Records drawn from a dataset:
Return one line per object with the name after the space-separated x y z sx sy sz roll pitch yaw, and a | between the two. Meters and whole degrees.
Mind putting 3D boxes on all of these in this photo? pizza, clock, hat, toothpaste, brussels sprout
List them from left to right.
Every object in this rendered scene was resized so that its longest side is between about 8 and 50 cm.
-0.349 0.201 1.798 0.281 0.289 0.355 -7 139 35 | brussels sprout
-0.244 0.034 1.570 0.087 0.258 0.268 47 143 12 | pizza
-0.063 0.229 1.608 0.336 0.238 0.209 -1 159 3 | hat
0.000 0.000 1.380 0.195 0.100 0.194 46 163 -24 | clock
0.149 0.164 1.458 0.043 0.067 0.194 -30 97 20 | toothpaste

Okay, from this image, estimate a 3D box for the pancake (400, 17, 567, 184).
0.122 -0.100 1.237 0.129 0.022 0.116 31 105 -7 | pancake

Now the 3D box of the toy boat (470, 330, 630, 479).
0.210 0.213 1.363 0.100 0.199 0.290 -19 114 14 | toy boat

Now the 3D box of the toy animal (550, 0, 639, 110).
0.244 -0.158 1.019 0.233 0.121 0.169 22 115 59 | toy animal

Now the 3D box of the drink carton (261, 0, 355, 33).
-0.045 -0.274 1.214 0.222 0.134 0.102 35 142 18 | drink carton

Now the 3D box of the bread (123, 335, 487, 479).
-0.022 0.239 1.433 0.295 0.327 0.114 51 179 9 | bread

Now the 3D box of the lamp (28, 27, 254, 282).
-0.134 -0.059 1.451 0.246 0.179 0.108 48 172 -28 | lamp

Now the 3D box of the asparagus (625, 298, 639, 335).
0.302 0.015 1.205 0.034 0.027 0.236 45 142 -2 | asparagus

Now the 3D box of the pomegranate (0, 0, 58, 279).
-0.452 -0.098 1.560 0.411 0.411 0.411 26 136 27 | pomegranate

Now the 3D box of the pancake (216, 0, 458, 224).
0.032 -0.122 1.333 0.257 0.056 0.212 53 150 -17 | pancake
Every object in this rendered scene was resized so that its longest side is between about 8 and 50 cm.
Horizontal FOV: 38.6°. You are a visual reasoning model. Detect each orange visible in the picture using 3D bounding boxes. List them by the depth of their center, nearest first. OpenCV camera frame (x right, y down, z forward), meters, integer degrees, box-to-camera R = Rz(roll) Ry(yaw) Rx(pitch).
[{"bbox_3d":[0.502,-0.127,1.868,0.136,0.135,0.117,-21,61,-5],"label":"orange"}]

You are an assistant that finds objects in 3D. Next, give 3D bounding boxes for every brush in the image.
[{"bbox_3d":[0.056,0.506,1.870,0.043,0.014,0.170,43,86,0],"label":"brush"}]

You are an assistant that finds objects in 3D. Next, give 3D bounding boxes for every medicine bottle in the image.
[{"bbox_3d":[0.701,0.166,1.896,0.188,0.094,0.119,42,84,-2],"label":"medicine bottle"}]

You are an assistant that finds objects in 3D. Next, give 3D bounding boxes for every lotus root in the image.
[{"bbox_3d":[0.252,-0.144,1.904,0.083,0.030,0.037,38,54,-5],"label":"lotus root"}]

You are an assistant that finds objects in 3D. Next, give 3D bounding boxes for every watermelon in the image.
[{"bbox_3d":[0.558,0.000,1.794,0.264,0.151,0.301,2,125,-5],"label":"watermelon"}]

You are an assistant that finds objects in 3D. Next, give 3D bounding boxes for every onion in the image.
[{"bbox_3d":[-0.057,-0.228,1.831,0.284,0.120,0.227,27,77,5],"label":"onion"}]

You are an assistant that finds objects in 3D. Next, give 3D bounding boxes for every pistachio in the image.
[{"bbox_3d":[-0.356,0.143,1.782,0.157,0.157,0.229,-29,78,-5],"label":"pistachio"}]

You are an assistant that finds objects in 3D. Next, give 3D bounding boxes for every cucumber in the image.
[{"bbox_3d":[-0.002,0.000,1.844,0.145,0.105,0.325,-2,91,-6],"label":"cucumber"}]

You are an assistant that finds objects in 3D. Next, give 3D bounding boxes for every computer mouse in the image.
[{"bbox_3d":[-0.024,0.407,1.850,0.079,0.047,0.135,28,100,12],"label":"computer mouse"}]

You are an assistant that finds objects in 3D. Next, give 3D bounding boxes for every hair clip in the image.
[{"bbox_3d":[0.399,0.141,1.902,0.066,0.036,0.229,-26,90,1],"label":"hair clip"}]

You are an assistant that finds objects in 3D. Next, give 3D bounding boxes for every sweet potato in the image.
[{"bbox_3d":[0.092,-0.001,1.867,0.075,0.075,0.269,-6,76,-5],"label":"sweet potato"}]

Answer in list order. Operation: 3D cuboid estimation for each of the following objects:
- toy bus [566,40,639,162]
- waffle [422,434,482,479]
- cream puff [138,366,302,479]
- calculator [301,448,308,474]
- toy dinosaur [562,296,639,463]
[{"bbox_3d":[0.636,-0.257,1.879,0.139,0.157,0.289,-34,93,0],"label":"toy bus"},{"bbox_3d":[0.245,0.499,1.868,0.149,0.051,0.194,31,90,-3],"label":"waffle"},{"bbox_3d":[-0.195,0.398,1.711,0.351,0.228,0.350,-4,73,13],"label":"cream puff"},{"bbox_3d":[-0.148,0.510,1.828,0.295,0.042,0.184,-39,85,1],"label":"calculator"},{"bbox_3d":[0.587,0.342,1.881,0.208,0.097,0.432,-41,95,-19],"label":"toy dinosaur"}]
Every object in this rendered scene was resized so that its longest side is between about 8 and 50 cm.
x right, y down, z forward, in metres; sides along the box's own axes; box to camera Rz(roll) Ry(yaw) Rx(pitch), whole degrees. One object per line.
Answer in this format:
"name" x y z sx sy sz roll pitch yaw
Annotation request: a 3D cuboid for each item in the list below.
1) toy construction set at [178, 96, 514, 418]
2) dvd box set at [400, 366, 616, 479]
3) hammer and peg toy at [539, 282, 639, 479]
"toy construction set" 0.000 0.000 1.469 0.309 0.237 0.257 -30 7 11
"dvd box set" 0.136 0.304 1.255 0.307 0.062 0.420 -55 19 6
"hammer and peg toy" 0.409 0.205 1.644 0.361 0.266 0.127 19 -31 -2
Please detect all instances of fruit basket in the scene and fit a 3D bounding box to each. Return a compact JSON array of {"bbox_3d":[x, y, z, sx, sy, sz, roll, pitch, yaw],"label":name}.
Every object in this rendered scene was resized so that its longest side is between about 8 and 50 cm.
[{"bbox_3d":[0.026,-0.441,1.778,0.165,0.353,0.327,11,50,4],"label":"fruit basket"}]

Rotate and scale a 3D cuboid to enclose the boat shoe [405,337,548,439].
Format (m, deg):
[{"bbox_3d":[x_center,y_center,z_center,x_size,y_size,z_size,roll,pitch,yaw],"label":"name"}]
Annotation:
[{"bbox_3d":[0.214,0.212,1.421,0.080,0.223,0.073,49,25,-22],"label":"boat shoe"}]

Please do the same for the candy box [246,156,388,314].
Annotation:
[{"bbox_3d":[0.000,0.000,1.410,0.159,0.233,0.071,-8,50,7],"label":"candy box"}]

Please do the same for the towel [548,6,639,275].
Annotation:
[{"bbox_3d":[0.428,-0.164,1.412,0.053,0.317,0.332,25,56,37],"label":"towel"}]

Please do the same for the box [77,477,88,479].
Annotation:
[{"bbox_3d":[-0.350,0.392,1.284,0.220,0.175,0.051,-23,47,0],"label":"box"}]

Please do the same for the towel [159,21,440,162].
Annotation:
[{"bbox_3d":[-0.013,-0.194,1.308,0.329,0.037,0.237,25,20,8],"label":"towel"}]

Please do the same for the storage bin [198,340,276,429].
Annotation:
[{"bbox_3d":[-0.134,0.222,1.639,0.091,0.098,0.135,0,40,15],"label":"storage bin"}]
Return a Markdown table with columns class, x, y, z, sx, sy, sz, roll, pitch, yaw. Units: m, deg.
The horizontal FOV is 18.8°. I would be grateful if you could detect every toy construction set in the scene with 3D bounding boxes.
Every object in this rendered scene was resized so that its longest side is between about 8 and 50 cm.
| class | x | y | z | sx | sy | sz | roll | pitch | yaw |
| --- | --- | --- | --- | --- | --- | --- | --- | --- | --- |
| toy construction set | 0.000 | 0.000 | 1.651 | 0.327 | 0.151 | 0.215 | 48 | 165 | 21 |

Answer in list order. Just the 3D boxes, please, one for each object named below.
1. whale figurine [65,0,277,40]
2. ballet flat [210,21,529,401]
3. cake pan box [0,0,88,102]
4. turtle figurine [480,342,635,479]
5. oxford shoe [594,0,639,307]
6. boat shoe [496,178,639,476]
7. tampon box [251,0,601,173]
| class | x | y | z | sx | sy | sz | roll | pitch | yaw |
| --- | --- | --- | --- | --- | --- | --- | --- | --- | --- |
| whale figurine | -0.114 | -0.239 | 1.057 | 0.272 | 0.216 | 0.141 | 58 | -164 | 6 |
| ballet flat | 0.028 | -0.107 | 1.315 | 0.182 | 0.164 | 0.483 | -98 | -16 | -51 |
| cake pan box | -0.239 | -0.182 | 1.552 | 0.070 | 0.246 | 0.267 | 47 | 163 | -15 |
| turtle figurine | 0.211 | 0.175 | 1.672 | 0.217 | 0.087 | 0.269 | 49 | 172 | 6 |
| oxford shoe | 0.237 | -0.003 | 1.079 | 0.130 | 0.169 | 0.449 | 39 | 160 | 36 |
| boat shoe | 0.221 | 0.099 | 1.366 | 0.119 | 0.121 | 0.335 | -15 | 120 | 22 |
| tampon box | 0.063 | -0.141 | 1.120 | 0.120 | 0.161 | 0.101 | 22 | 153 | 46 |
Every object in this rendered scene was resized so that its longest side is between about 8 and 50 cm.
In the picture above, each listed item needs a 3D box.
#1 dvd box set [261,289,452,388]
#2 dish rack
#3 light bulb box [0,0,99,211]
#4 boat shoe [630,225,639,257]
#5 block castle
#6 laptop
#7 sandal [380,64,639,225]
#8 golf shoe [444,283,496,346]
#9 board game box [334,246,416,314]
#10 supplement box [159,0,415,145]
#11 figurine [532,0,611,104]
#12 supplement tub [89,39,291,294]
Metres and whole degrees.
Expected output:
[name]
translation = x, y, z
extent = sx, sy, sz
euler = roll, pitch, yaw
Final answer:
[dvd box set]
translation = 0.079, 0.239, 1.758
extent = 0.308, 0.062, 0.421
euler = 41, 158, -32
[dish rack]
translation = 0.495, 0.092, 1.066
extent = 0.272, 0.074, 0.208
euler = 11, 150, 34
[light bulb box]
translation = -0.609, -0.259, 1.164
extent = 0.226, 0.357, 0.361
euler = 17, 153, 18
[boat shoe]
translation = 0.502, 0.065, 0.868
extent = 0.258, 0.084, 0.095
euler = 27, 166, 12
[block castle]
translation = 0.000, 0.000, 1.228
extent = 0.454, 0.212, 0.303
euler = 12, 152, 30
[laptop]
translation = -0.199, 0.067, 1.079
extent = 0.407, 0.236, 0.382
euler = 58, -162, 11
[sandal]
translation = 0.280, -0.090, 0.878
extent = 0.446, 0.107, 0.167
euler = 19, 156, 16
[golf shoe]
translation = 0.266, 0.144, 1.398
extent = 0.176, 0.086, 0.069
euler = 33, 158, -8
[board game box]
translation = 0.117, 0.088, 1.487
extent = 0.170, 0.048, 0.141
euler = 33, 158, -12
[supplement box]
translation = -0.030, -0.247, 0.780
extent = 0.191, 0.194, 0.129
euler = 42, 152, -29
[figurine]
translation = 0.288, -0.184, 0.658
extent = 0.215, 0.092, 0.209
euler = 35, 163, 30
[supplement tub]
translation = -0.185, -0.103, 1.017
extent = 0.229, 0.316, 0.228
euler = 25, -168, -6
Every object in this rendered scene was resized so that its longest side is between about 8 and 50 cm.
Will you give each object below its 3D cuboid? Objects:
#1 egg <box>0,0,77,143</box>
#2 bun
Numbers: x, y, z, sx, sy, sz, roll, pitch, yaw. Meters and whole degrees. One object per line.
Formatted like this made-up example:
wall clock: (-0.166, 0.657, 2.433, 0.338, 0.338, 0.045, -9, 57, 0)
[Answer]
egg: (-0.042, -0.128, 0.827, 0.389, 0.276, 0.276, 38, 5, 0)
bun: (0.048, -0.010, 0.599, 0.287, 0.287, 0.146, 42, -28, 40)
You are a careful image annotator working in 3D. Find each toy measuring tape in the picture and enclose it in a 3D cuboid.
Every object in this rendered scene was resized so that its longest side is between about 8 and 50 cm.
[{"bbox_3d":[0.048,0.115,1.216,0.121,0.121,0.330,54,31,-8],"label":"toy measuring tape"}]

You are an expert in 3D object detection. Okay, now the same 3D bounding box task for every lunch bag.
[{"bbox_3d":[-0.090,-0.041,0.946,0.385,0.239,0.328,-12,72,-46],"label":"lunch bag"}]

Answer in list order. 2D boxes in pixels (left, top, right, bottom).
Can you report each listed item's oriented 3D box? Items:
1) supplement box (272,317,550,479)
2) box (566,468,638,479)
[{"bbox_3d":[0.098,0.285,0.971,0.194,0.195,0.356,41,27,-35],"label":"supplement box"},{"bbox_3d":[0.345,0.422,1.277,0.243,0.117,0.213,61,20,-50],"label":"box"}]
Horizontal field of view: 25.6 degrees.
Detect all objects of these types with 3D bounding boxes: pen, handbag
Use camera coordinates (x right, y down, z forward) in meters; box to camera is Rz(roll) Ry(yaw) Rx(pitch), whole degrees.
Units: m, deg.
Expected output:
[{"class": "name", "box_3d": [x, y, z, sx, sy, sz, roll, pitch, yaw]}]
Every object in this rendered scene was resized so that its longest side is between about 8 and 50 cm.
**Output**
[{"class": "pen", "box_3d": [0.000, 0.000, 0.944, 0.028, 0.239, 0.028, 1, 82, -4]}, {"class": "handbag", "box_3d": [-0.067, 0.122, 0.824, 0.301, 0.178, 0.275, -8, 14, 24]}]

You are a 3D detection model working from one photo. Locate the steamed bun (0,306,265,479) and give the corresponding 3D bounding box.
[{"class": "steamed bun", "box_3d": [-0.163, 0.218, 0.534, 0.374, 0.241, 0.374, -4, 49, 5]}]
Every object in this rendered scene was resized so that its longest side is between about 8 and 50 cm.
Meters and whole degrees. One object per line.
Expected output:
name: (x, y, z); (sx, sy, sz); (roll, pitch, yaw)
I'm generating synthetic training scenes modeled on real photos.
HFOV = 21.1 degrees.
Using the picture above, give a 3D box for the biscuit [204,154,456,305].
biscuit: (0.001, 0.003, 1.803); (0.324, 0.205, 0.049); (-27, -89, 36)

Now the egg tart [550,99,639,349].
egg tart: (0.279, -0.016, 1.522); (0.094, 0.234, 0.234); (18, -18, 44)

§ **Directions for this task**
From the records above, print only the lines between the one holding "Use camera coordinates" and the one holding "HFOV = 21.1 degrees.", inclusive, exactly as they stand.

§ **Result below**
Use camera coordinates (x right, y down, z forward) in meters; box to camera is Rz(roll) Ry(yaw) Rx(pitch), whole degrees.
Units: m, deg.
Expected output:
[{"class": "name", "box_3d": [x, y, z, sx, sy, sz, roll, pitch, yaw]}]
Every object in this rendered scene was resized so that its longest side is between about 8 and 50 cm.
**Output**
[{"class": "pen", "box_3d": [0.000, 0.000, 0.944, 0.028, 0.239, 0.028, 1, 82, -4]}, {"class": "handbag", "box_3d": [-0.067, 0.122, 0.824, 0.301, 0.178, 0.275, -8, 14, 24]}]

You are a 3D detection model working from one photo. Locate the steamed bun (0,306,265,479) and give the corresponding 3D bounding box.
[{"class": "steamed bun", "box_3d": [-0.163, 0.218, 0.534, 0.374, 0.241, 0.374, -4, 49, 5]}]
Every object in this rendered scene was resized so that its longest side is between about 8 and 50 cm.
Meters and whole degrees. One object per line.
Expected output:
name: (x, y, z); (sx, sy, sz); (roll, pitch, yaw)
I'm generating synthetic training scenes modeled on real photos.
HFOV = 21.1 degrees.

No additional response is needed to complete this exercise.